Kendimden geçmiş bir vaziyette müzedeki
diğer eserleri beynime kazımaya çalışırken İranlı iki genç çiftle tanışıyorum.
Ve Katedral avlusunda sohbete başlıyoruz. Türkiye ilgisi, Türkiye’ye seyahat
etme veya orada öğrenim görme isteğinin ne kadar fazla olduğuna bir defa daha
şahit oluyorum. Bu arada Sümeyye adındaki genç kadın bir üzüntüsünü dile
getiriyor. Türkiye gitmeyi çok istemelerine ve yeterli paraları olmalarına
rağmen bunu gerçekleştiremediklerini anlatıyor. Sebebi de çok komik. Kocasının
bir devlet bankasında çalışıyor olması sebebi ile yurt dışına çıkış yasağı var.
Kendimi 1980 sonrasının Türkiye’sinde
hissettim. Bu arada Türkiye bir İranlı
için çok pahalı bir ülke. İran parası olan Tümen hem zayıf hem de maaşlar
Türkiye’de zaman geçirmek için yetersiz. Örneğin; bir öğretmen maaşı 350 dolar
civarında. Bu demektir ki bir maaşla Türkiye’ye uçak bileti almaları bile çok
güç. Ancak ülke içinde yoksulluğun izlerine çok fazla rastlamadım. Petrol,
yemek, kıyafet ucuz. (Taksi 2 TL civarında). Doğalgaz köylere kadar götürülmüş.
Ve o kadar bol ve ucuz ki çiçek seralarını ısıtmak için bile kullanılıyor.
Dünya kocaman zaman ise kısıtlı. Yavaş
ve kentin deri altına sinerek seyahat etmeyi sevmeme rağmen bu defa acele
ediyor ve İsfahan’a arkamızda bırakarak Tahran’a kentine doğru yola çıkıyoruz.
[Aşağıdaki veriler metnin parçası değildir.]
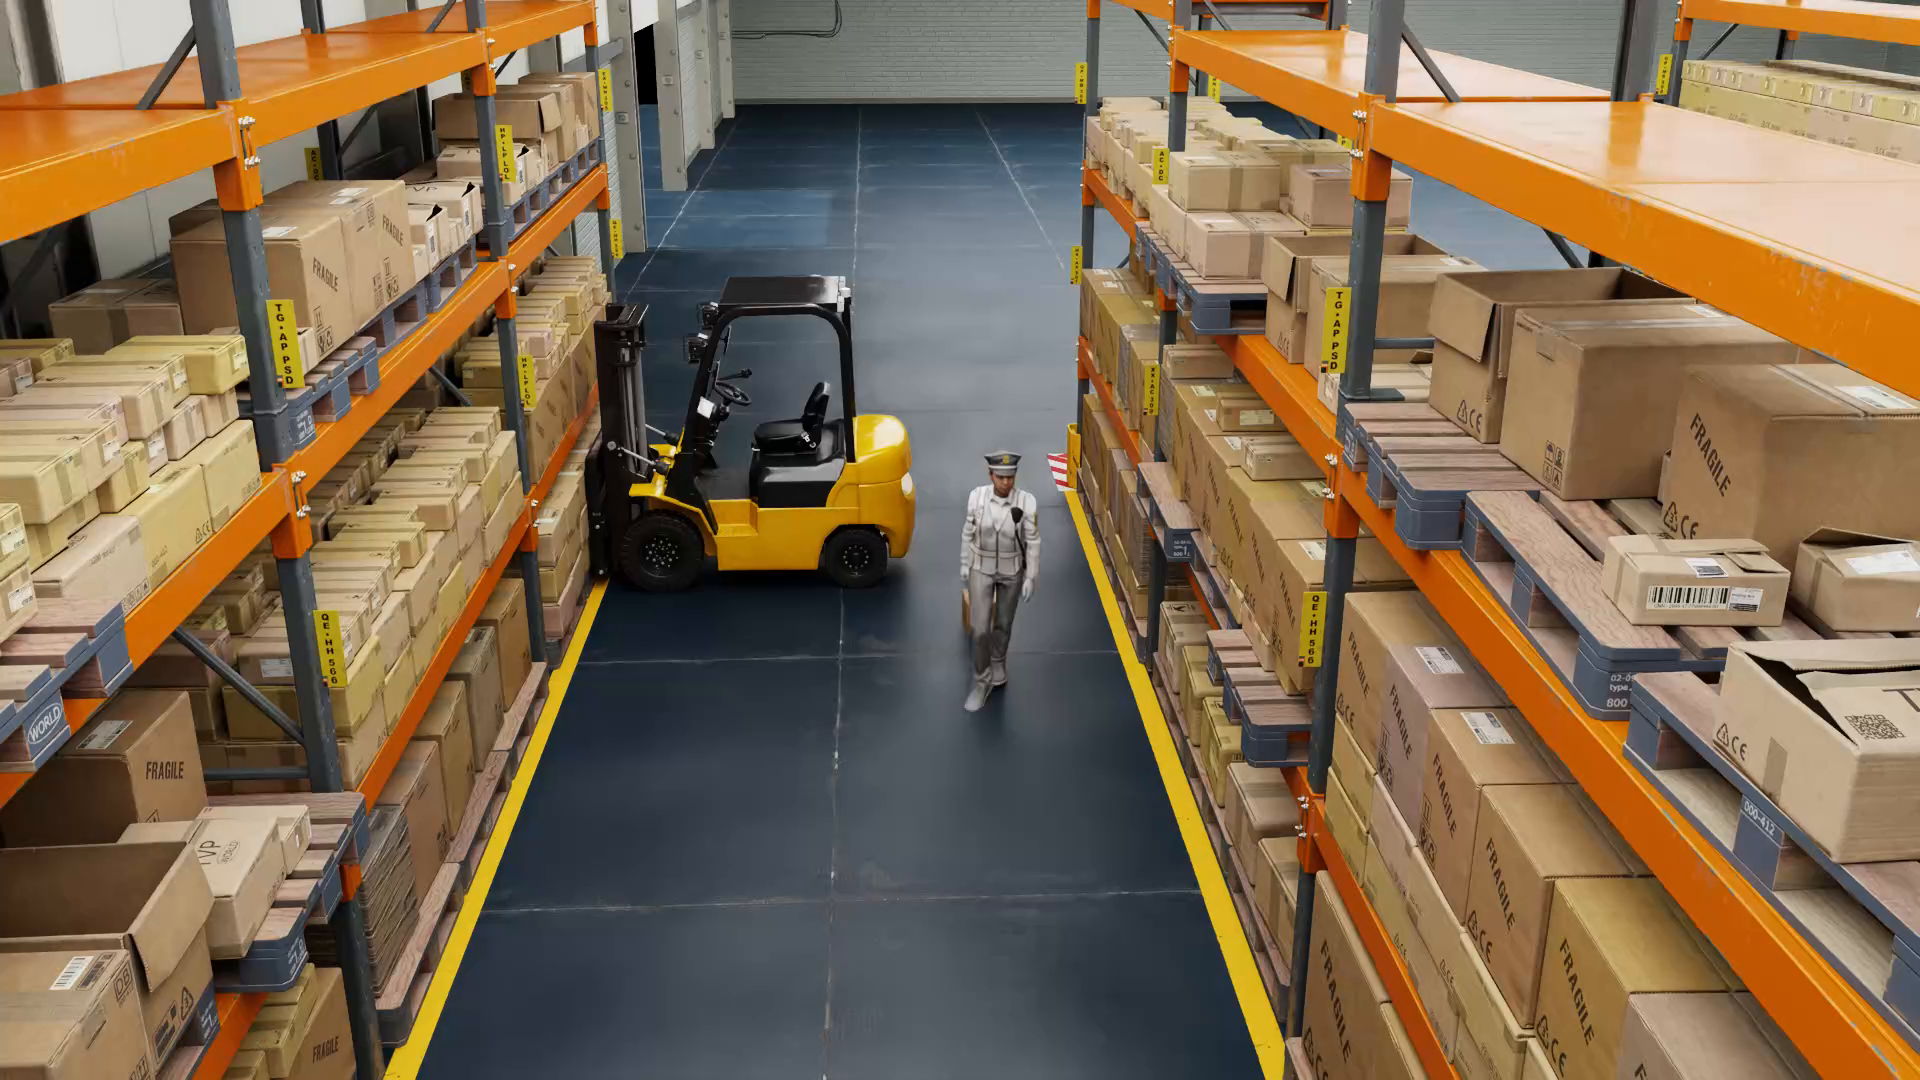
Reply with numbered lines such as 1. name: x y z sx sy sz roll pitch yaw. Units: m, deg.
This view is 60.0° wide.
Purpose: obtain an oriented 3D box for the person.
1. person: 0.255 0.216 10.514 0.508 1.715 0.571 0 21 -1
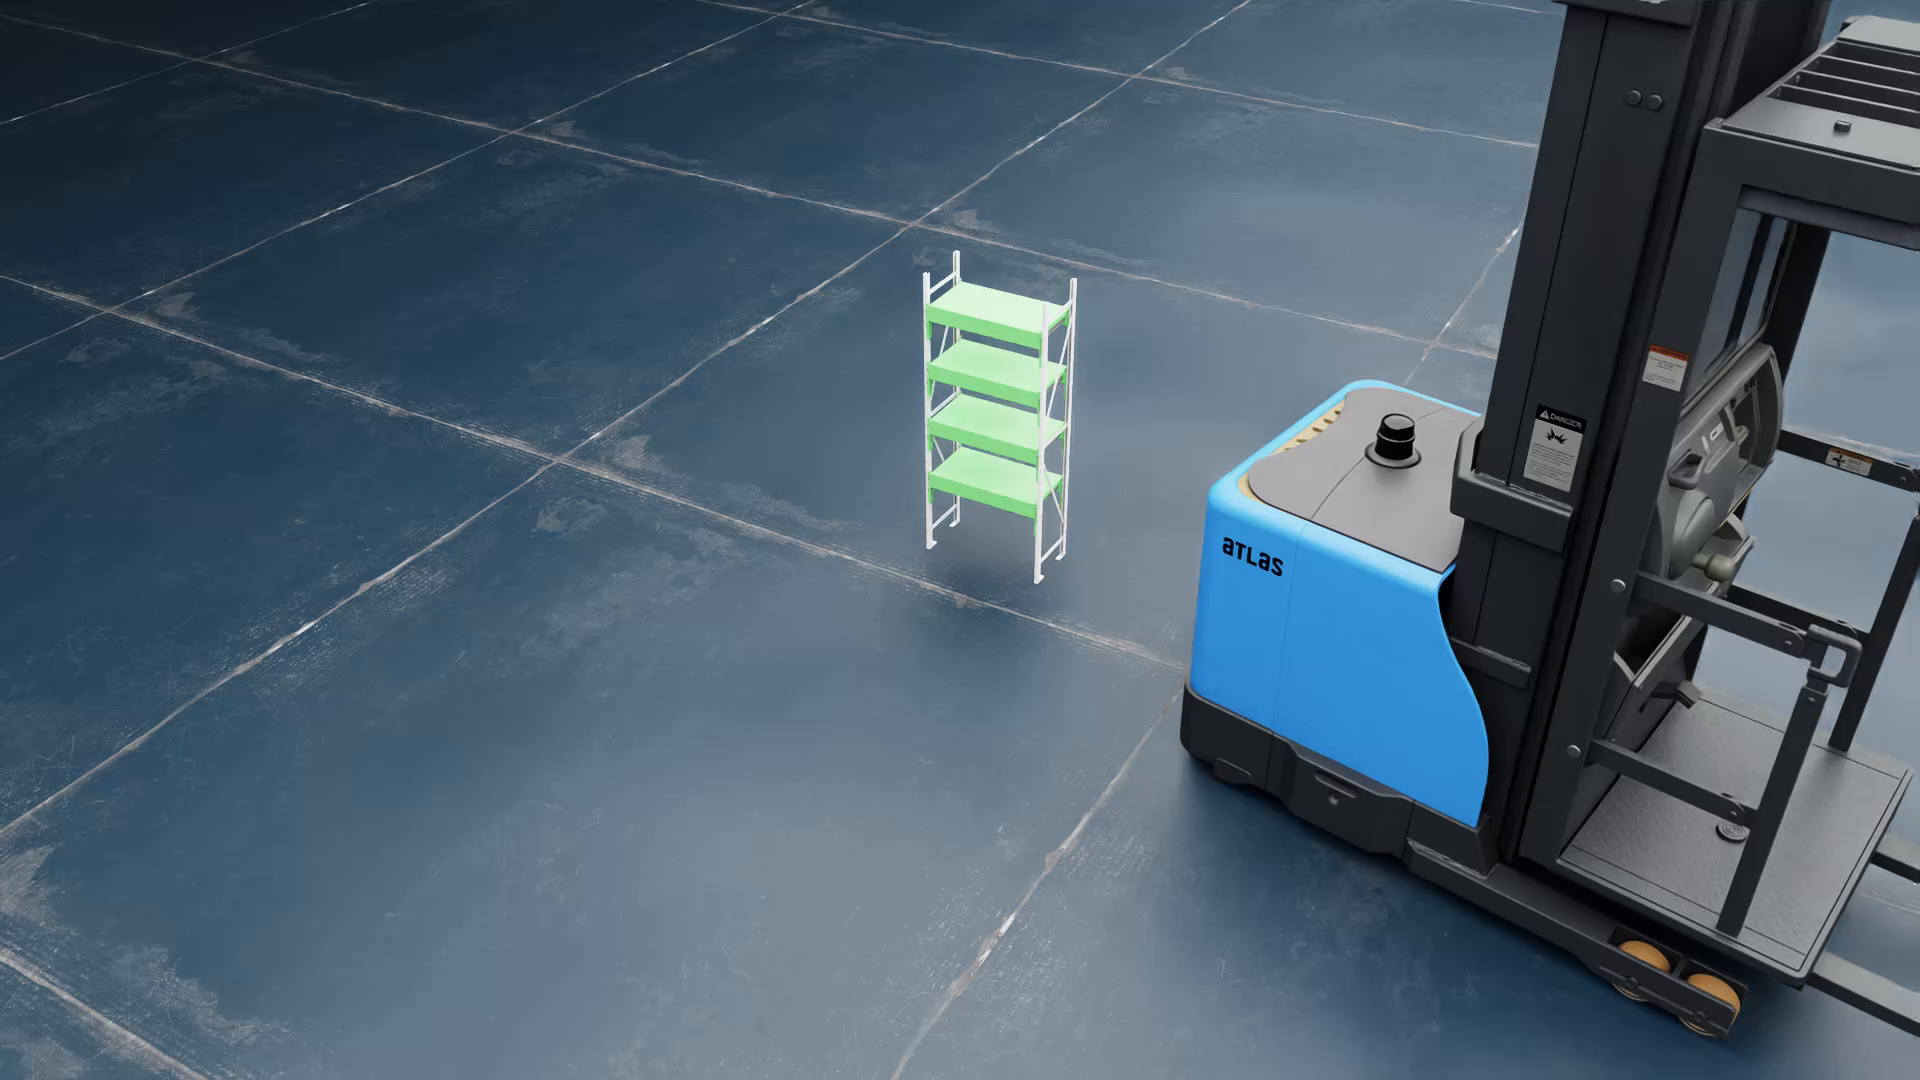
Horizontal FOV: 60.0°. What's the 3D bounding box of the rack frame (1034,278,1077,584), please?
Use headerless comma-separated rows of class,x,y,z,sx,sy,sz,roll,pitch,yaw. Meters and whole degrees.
rack frame,0.356,-0.387,6.248,0.015,1.200,0.240,18,37,24

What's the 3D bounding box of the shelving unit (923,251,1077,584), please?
shelving unit,0.144,-0.454,6.349,0.503,1.200,0.258,18,37,24

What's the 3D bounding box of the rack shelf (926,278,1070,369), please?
rack shelf,0.144,-0.800,6.118,0.480,0.148,0.258,18,37,24

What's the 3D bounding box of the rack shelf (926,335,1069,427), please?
rack shelf,0.144,-0.600,6.251,0.480,0.148,0.258,18,37,24

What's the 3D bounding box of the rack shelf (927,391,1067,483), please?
rack shelf,0.144,-0.401,6.384,0.480,0.148,0.258,18,37,24

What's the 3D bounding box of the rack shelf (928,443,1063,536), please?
rack shelf,0.144,-0.201,6.518,0.480,0.148,0.258,18,37,24

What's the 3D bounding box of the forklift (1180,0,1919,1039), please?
forklift,2.196,-0.166,4.354,3.031,2.935,1.130,25,41,32

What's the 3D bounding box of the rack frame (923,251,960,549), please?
rack frame,-0.068,-0.521,6.450,0.015,1.200,0.240,18,37,24

Bir seyahatten değişerek ayrılmak o
seyahati çok değerli kılıyor. İsfahan’dan ve genel olarak İran’dan değişerek,
şaşırarak ve keşifler yaparak ayrıldım. İşin garibi Avrupa şehirlerinde
gezdiğimde aynı oranda şaşırmıyor ve içimde değişim hissetmiyorum. Herhalde
düzensizlik, çeşitlilik, çok renklilik ve insanların her daim iletişime açık halleri
beni cezbediyor. Diğer yandan şöyle bir durumun da farkına varıyorum. Bilinenin
aksine biz Batıyı Doğudan daha çok tanıyoruz. Filmlerle, müzikle, medyayla, her
daim bize sunulan ürünler ve yaptığımız seyahatlerle batı bize biraz daha
tanıdık ve bilindik. İran ile ilgili bildiğimiz klişeleşmiş bilgiler genelde
doğru çıkmıyor. Mesela; İran’ın Arap bir ülke olmadığı Arapça alfabe kullanan
Farsi olduğunu bilmeyen birçok eğitimli arkadaş bana bu gerçeği kanıtlıyor. İsfahan’da
kendimi İranlı yazar Samad Behrangi’nin Küçük Kara Balık öyküsündeki Balık gibi
hissettim. Ben de tıpkı o balık gibi memleketimin bilindik sularında yüzmeyi
bırakıp keşfetmek ve tanımak için başka sulara doğru kulaç attım. İyi ki de
yapmışım. Görünüşte güvensiz ve korkutucu olan bu yabancı suların aslında
huzurlu, merak kamçılayıcı ve zenginleştirici olduğunu fark ediyorum. Bu sular
vücuduma ve beynime iyi geldi.
Not:
Isfahan’ın kardeş şehirlerinden bazıları: Havana, Freiburg, Erivan, İstanbul.